Flustered By Finances? Ask Ellen
HOW MUCH IS ENOUGH?
If I had a nickel for every time someone asked how much money is enough to retire on… People want an easy answer. Is it $1 million? Is the magic number $3 million? The truth is, it depends. It depends on your financial asset base, monthly expenses in retirement and sources of income in retirement, such as Social Security and pension.
It pays to fully understand your current expenses to best estimate future retirement expenses. Remember to increase your expectations for health care expenses in retirement and reduce expenses that may go away, such as mortgage payments and children’s expenses.
It makes sense to work with a financial planner who understands the vitally important role that Social Security plays and incorporates Social Security optimization strategies.
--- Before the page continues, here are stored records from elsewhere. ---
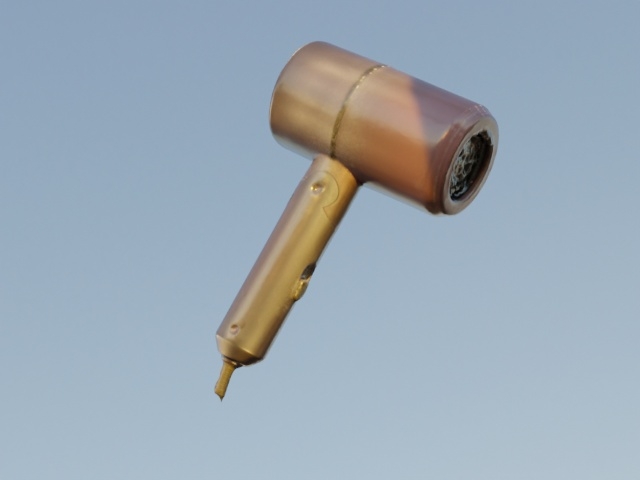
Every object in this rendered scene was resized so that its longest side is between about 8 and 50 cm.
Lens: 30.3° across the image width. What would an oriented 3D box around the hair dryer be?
[{"bbox_3d":[0.000,0.000,0.356,0.114,0.063,0.037,-60,-28,-4],"label":"hair dryer"}]
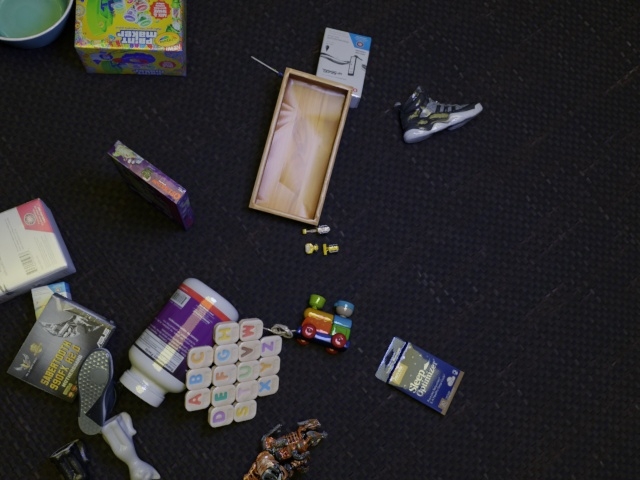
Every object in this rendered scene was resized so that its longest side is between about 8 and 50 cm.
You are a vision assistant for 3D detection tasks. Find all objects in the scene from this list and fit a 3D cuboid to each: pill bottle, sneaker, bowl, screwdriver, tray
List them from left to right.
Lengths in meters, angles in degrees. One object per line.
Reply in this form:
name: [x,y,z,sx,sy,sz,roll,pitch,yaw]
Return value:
bowl: [-0.842,-0.671,1.861,0.311,0.163,0.312,2,78,-7]
sneaker: [-0.560,0.357,1.685,0.086,0.163,0.226,12,103,-2]
pill bottle: [-0.375,0.270,1.731,0.181,0.181,0.323,37,77,0]
screwdriver: [-0.141,-0.517,2.006,0.169,0.024,0.025,28,48,0]
tray: [-0.056,-0.267,1.900,0.202,0.076,0.411,15,89,-5]
sneaker: [0.358,-0.409,2.014,0.268,0.101,0.153,-22,85,-9]

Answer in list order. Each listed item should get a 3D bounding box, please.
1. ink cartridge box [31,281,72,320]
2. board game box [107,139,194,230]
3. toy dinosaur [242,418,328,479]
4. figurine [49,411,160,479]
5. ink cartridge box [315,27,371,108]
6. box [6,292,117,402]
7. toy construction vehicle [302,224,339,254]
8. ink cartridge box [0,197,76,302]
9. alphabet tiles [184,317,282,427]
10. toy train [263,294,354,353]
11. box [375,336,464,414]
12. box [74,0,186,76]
ink cartridge box: [-0.715,0.182,1.765,0.088,0.052,0.123,-13,82,-10]
board game box: [-0.432,-0.132,1.718,0.208,0.347,0.056,32,77,0]
toy dinosaur: [-0.105,0.621,1.743,0.322,0.164,0.218,-43,72,4]
figurine: [-0.549,0.588,1.698,0.214,0.092,0.209,-30,92,-14]
ink cartridge box: [0.064,-0.524,2.003,0.148,0.086,0.203,11,77,-5]
box: [-0.669,0.278,1.712,0.183,0.056,0.231,31,87,-13]
toy construction vehicle: [0.000,0.000,1.919,0.098,0.035,0.086,-8,91,-7]
ink cartridge box: [-0.832,0.042,1.742,0.283,0.117,0.207,-24,83,-13]
alphabet tiles: [-0.223,0.348,1.732,0.277,0.021,0.284,-2,102,-35]
toy train: [-0.030,0.214,1.839,0.248,0.105,0.143,18,66,-4]
box: [0.283,0.385,1.880,0.225,0.036,0.136,29,76,0]
box: [-0.537,-0.639,1.893,0.289,0.177,0.279,-1,80,-8]
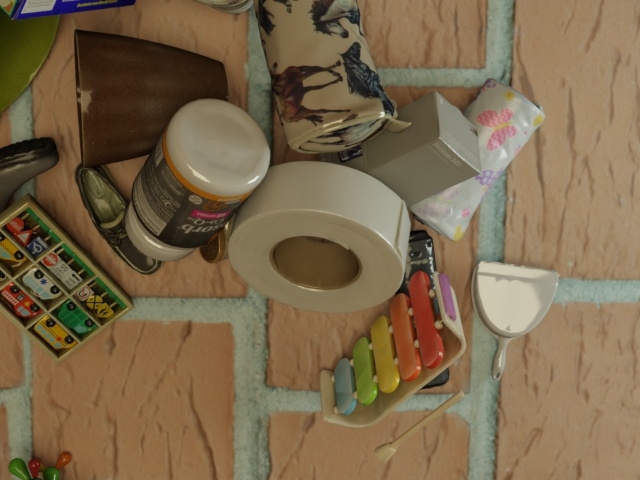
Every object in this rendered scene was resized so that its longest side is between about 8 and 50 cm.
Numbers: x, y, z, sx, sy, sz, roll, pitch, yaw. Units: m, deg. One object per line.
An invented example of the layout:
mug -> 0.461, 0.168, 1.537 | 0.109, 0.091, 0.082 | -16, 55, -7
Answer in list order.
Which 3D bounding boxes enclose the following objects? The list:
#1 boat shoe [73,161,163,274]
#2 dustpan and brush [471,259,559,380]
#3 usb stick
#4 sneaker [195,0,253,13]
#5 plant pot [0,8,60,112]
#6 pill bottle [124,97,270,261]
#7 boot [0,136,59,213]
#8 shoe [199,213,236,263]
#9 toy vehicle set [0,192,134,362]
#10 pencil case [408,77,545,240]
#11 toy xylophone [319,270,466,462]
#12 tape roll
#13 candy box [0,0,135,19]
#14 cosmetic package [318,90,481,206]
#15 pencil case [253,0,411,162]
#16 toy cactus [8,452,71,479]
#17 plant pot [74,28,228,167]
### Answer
boat shoe -> -0.343, -0.033, 1.732 | 0.080, 0.073, 0.224 | -30, 99, 4
dustpan and brush -> 0.324, 0.145, 1.795 | 0.147, 0.060, 0.211 | 8, 93, -1
usb stick -> 0.171, 0.122, 1.786 | 0.077, 0.045, 0.278 | -8, 100, 1
sneaker -> -0.238, -0.459, 1.619 | 0.305, 0.152, 0.114 | 25, 101, -4
plant pot -> -0.603, -0.363, 1.592 | 0.293, 0.275, 0.275 | 37, 98, 7
pill bottle -> -0.200, -0.083, 1.597 | 0.162, 0.278, 0.162 | 13, 59, -22
boot -> -0.545, -0.019, 1.726 | 0.338, 0.118, 0.223 | -23, 107, 10
shoe -> -0.169, -0.072, 1.742 | 0.058, 0.076, 0.219 | -7, 102, -43
toy vehicle set -> -0.458, 0.067, 1.714 | 0.166, 0.035, 0.267 | -37, 121, 3
pencil case -> 0.252, -0.131, 1.709 | 0.124, 0.113, 0.273 | 32, 98, -11
toy xylophone -> 0.128, 0.208, 1.690 | 0.081, 0.236, 0.323 | 30, 114, -26
tape roll -> 0.000, 0.000, 1.649 | 0.286, 0.100, 0.286 | 7, 144, 5
candy box -> -0.436, -0.472, 1.501 | 0.317, 0.268, 0.122 | 42, 121, 11
cosmetic package -> 0.124, -0.126, 1.643 | 0.238, 0.107, 0.127 | -23, 141, 35
pencil case -> -0.004, -0.331, 1.578 | 0.183, 0.160, 0.410 | -6, 75, -28
toy cactus -> -0.442, 0.456, 1.774 | 0.112, 0.180, 0.219 | -33, 105, -16
plant pot -> -0.268, -0.227, 1.648 | 0.230, 0.215, 0.215 | -3, 101, -15
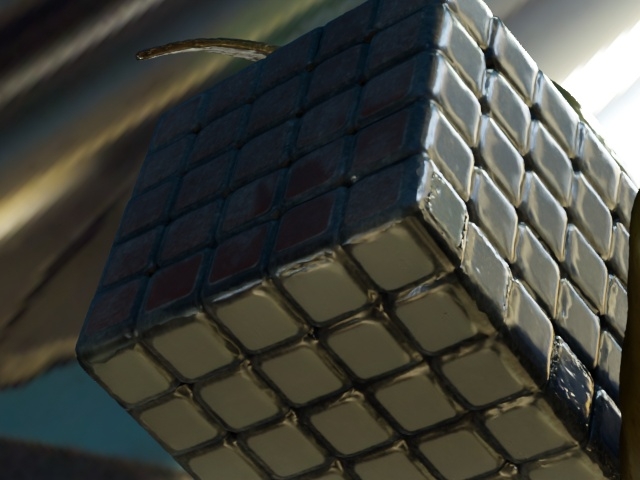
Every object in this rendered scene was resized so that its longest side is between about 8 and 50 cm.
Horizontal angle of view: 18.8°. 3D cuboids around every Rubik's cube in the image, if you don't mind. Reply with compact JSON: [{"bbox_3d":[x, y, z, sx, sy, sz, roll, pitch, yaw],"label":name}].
[{"bbox_3d":[0.037,0.027,1.125,0.238,0.237,0.237,-24,31,31],"label":"Rubik's cube"}]

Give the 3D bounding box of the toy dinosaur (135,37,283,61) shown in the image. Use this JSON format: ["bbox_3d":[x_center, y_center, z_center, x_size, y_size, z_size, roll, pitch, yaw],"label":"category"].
[{"bbox_3d":[-0.003,0.005,1.413,0.113,0.206,0.327,-33,-49,-32],"label":"toy dinosaur"}]

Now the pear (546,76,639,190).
[{"bbox_3d":[0.168,0.020,1.599,0.253,0.253,0.307,-37,-56,-27],"label":"pear"}]

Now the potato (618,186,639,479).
[{"bbox_3d":[0.226,0.060,0.975,0.195,0.176,0.369,-29,-37,0],"label":"potato"}]
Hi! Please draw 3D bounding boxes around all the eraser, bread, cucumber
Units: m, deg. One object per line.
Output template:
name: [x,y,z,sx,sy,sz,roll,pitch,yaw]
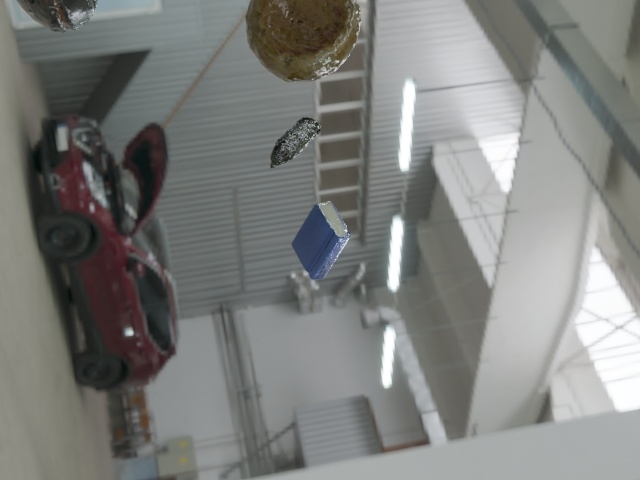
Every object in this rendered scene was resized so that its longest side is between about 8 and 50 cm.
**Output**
eraser: [0.000,0.000,1.273,0.063,0.027,0.084,61,-43,31]
bread: [-0.032,-0.410,1.899,0.123,0.230,0.229,74,4,-73]
cucumber: [-0.052,-0.196,1.963,0.181,0.053,0.053,-52,146,-51]

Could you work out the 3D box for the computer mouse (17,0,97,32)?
computer mouse: [-0.349,-0.408,1.261,0.183,0.116,0.323,91,-6,-57]
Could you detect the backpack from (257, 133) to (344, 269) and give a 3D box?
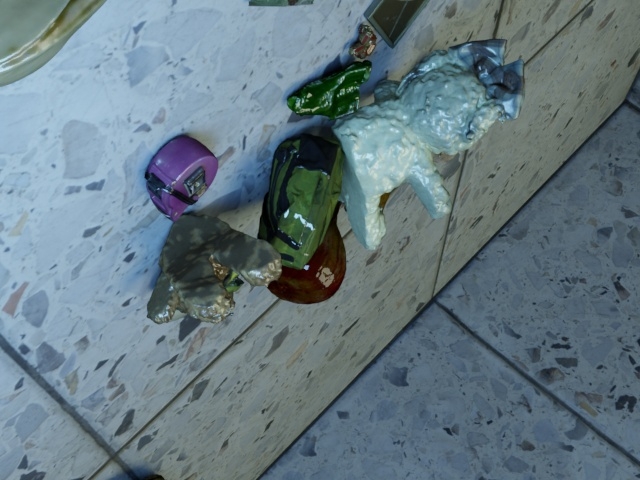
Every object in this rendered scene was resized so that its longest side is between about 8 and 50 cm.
[{"bbox_3d":[-0.042,-0.069,1.683,0.207,0.140,0.253,109,-4,-46],"label":"backpack"}]

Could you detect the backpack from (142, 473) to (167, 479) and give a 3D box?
[{"bbox_3d":[-0.490,0.755,2.237,0.353,0.201,0.378,-54,164,0],"label":"backpack"}]

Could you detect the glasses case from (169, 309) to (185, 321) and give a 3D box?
[{"bbox_3d":[-0.291,0.145,1.793,0.032,0.021,0.083,-57,160,23],"label":"glasses case"}]

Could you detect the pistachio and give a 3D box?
[{"bbox_3d":[-0.294,-0.237,0.890,0.226,0.136,0.136,-45,161,-21],"label":"pistachio"}]

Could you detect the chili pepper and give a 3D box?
[{"bbox_3d":[0.021,-0.276,1.638,0.216,0.062,0.108,-28,146,-46],"label":"chili pepper"}]

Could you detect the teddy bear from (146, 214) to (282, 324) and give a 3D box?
[{"bbox_3d":[-0.188,0.082,1.566,0.246,0.296,0.222,-32,131,-18],"label":"teddy bear"}]

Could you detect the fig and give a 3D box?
[{"bbox_3d":[-0.031,-0.008,1.960,0.190,0.191,0.290,48,46,-71],"label":"fig"}]

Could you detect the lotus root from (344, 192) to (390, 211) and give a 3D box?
[{"bbox_3d":[0.128,-0.134,2.101,0.108,0.095,0.190,-92,-155,-64],"label":"lotus root"}]

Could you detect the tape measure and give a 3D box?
[{"bbox_3d":[-0.217,-0.100,1.412,0.118,0.074,0.125,-46,163,-13],"label":"tape measure"}]

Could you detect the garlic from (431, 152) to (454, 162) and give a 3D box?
[{"bbox_3d":[0.269,-0.293,2.018,0.245,0.160,0.245,-11,136,-11],"label":"garlic"}]

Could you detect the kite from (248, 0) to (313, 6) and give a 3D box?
[{"bbox_3d":[-0.031,-0.425,1.309,0.229,0.012,0.250,-50,161,-9],"label":"kite"}]

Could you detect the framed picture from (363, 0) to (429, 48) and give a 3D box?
[{"bbox_3d":[0.185,-0.487,1.669,0.250,0.016,0.184,-52,161,8],"label":"framed picture"}]

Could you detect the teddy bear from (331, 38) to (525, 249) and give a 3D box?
[{"bbox_3d":[0.210,-0.198,1.798,0.362,0.327,0.375,-22,152,-9],"label":"teddy bear"}]

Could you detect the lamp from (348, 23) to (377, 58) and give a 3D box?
[{"bbox_3d":[0.082,-0.364,1.652,0.063,0.031,0.083,-53,164,15],"label":"lamp"}]
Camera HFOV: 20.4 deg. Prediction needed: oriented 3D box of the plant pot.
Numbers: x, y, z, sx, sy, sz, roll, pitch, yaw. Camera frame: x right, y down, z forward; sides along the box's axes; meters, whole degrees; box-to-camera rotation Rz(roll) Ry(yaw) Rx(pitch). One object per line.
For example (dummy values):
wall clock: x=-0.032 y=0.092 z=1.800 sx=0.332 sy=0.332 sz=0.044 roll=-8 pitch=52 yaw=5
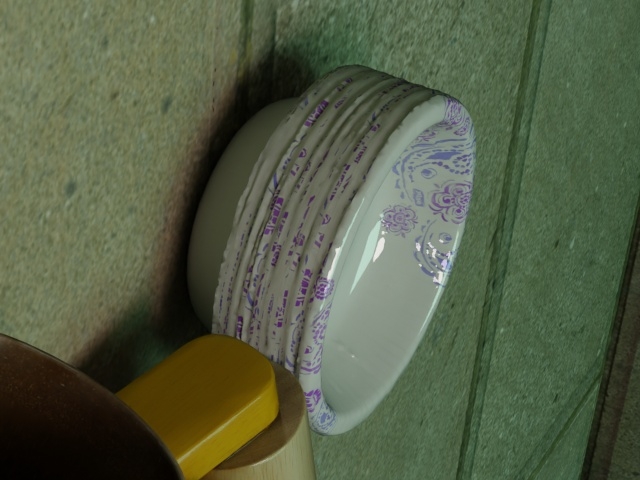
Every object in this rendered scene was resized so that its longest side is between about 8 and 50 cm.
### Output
plant pot: x=-0.220 y=0.197 z=1.002 sx=0.230 sy=0.215 sz=0.215 roll=-60 pitch=162 yaw=16

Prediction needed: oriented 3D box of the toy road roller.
toy road roller: x=-0.088 y=0.248 z=1.207 sx=0.329 sy=0.241 sz=0.202 roll=-38 pitch=140 yaw=-31

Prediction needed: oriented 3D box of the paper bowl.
paper bowl: x=0.000 y=0.000 z=1.407 sx=0.284 sy=0.148 sz=0.284 roll=-52 pitch=154 yaw=-39
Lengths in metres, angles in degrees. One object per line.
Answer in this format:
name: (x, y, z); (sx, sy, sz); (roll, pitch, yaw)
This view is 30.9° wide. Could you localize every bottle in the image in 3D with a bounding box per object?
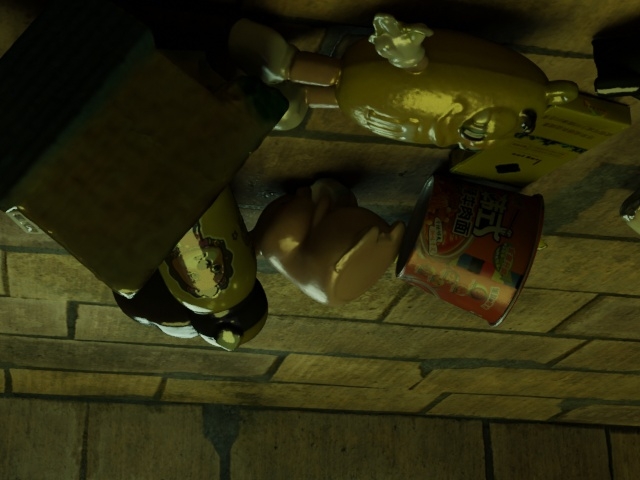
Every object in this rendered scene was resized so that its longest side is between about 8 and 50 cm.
bottle: (-0.191, 0.032, 1.979); (0.172, 0.171, 0.351); (-7, 126, 19)

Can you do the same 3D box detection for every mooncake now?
mooncake: (-0.273, 0.065, 2.189); (0.245, 0.244, 0.133); (-2, 162, 7)

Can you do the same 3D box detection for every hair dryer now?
hair dryer: (0.470, -0.288, 1.469); (0.244, 0.116, 0.302); (-4, 148, 10)

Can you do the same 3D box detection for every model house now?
model house: (-0.294, -0.145, 1.562); (0.343, 0.334, 0.382); (39, 171, -7)

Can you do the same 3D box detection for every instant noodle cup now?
instant noodle cup: (0.253, 0.004, 2.015); (0.192, 0.250, 0.250); (20, 157, -3)

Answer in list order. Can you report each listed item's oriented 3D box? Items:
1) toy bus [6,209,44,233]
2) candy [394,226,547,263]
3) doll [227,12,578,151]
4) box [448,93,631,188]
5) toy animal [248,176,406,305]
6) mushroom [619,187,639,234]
toy bus: (-0.472, -0.107, 1.922); (0.139, 0.113, 0.301); (-3, 156, 9)
candy: (0.267, 0.001, 2.223); (0.297, 0.081, 0.187); (-14, 150, 23)
doll: (0.086, -0.219, 1.553); (0.423, 0.161, 0.348); (-2, 165, 42)
box: (0.347, -0.159, 1.860); (0.153, 0.041, 0.279); (10, 158, -27)
toy animal: (-0.002, -0.003, 2.055); (0.195, 0.256, 0.212); (-11, 130, -44)
mushroom: (0.701, -0.001, 2.039); (0.336, 0.314, 0.314); (34, 155, -2)
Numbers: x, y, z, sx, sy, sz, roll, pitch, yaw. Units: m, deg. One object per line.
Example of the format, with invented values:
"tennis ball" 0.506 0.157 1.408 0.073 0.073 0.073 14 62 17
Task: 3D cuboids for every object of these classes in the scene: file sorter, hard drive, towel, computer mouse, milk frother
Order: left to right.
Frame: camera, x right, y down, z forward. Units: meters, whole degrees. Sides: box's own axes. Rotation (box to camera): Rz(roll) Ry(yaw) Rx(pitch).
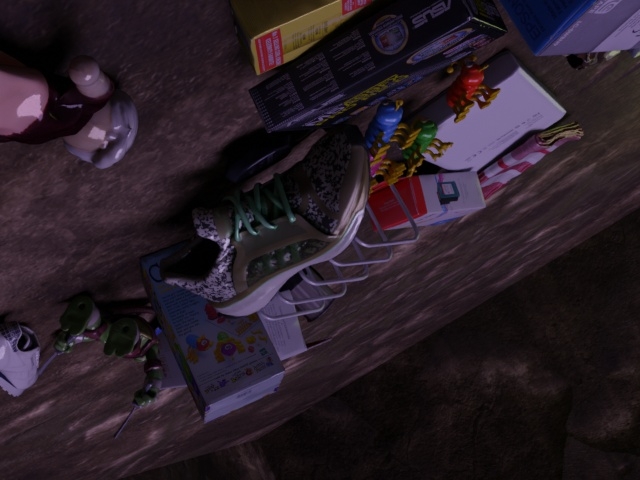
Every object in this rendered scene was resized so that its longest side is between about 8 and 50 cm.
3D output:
"computer mouse" -0.036 -0.157 1.239 0.242 0.041 0.071 -31 172 -12
"milk frother" -0.015 0.063 1.717 0.143 0.135 0.129 -35 -165 39
"file sorter" 0.000 0.000 1.500 0.193 0.173 0.278 -5 153 -49
"hard drive" 0.292 -0.211 1.532 0.233 0.047 0.353 -34 162 21
"towel" 0.375 -0.136 1.799 0.329 0.037 0.237 -37 169 39

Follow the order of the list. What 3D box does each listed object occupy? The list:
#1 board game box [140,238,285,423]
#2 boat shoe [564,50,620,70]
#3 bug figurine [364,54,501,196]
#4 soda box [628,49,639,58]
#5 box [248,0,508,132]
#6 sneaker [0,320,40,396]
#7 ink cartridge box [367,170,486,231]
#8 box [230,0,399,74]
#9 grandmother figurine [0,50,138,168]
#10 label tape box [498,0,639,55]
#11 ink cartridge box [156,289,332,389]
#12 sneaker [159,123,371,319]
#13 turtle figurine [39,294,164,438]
"board game box" -0.188 0.148 1.470 0.144 0.275 0.142 -22 162 -18
"boat shoe" 0.405 -0.316 1.323 0.095 0.095 0.257 -26 164 17
"bug figurine" 0.137 -0.169 1.286 0.279 0.072 0.216 -29 161 -37
"soda box" 0.605 -0.405 1.358 0.286 0.091 0.098 -27 163 -1
"box" 0.076 -0.218 1.039 0.270 0.060 0.216 -26 179 23
"sneaker" -0.518 0.199 1.470 0.095 0.090 0.235 -34 165 -10
"ink cartridge box" 0.184 -0.074 1.642 0.231 0.078 0.134 -7 170 -36
"box" 0.019 -0.268 0.947 0.232 0.058 0.087 -24 164 -8
"grandmother figurine" -0.290 -0.137 0.825 0.208 0.104 0.342 -4 175 23
"label tape box" 0.298 -0.321 0.896 0.334 0.240 0.106 -13 158 -37
"ink cartridge box" -0.172 0.197 1.746 0.272 0.130 0.309 -15 177 -34
"sneaker" -0.090 -0.021 1.248 0.182 0.158 0.410 11 136 -43
"turtle figurine" -0.384 0.221 1.534 0.275 0.197 0.266 -28 159 -10
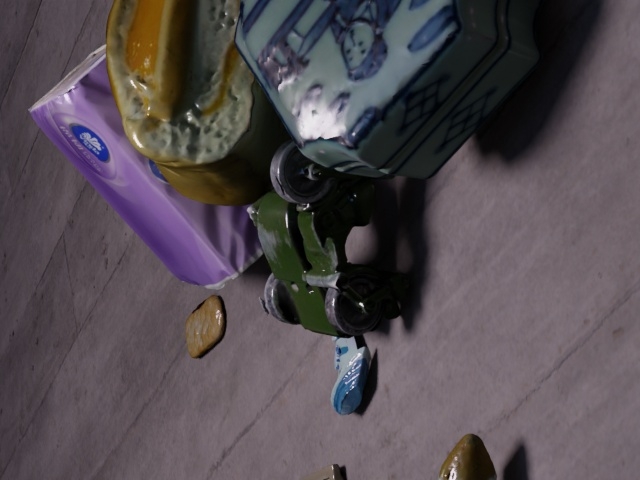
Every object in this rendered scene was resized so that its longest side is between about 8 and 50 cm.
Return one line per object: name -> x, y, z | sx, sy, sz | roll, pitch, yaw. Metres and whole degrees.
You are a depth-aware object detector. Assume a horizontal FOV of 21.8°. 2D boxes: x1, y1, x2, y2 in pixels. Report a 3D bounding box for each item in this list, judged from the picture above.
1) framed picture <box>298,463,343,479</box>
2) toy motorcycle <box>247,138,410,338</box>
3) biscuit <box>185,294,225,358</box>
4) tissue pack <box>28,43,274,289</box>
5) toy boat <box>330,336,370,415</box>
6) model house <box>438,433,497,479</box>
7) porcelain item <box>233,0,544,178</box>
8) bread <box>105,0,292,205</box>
framed picture -> -0.022, 0.413, 2.141 | 0.281, 0.019, 0.209 | 140, 127, -59
toy motorcycle -> 0.000, 0.000, 1.925 | 0.205, 0.127, 0.275 | 8, 122, 56
biscuit -> -0.174, 0.130, 2.483 | 0.147, 0.018, 0.071 | -41, 55, 57
tissue pack -> -0.210, -0.100, 2.206 | 0.338, 0.160, 0.242 | 50, 163, -12
toy boat -> 0.037, 0.139, 2.025 | 0.105, 0.034, 0.149 | 134, 144, -60
model house -> 0.105, 0.333, 1.696 | 0.253, 0.184, 0.291 | -151, 69, -67
porcelain item -> 0.063, -0.227, 1.690 | 0.281, 0.157, 0.286 | -46, 56, 26
bread -> -0.131, -0.199, 1.967 | 0.341, 0.210, 0.301 | 41, -121, -76

There are a variety of complex strategies for taking benefits, but the Social Security Administration does not offer them to you unsolicited. There are optimal ways to take your benefit based on your age and health, and for couples there are clever combination strategies that can increase your benefits by thousands of dollars.
Once you have a handle on how much income you will receive from Social Security and pensions in retirement and how much your retirement expenses will be, you can determine how much you will need to supplement any deficit from your assets.
The table below is a simplified look at how much you will need in your retirement pot on Day#1 of your retirement. It assumes that you retire at age 70 and live 25 more years. It also assumes that your investments continue to grow over those 25 years at an average annual rate of 5%. It’s a simplified look for three reasons: (1) it doesn’t account for inflation (or health care cost inflation) - so to be extra prudent, expect your expense requirements to be much higher than you think; (2) it assumes that the markets grow at a consistent 5% per year, when quite possibly when you retire, the market could be in a down cycle- so again, be prudent and plan for a larger pot of money than you think you will need; (3) it doesn’t account for leaving money to your heirs.
So, for example, if you expect your expenses in retirement to be $80,000 per year and calculate your Social Security and pension income at $40,000, you will need to supplement your living expenses with $40,000 per year from your investments. In order to support $40,000 a year of investment consumption for 25 years, you will need about $564,000 at retirement.
There are many customized scenarios for different expectations for retirement age, investment growth rate and income requirements. Nor have I dealt with the really fun part: determining how much you need to invest every year to get to your pot of gold on Retirement Day #1!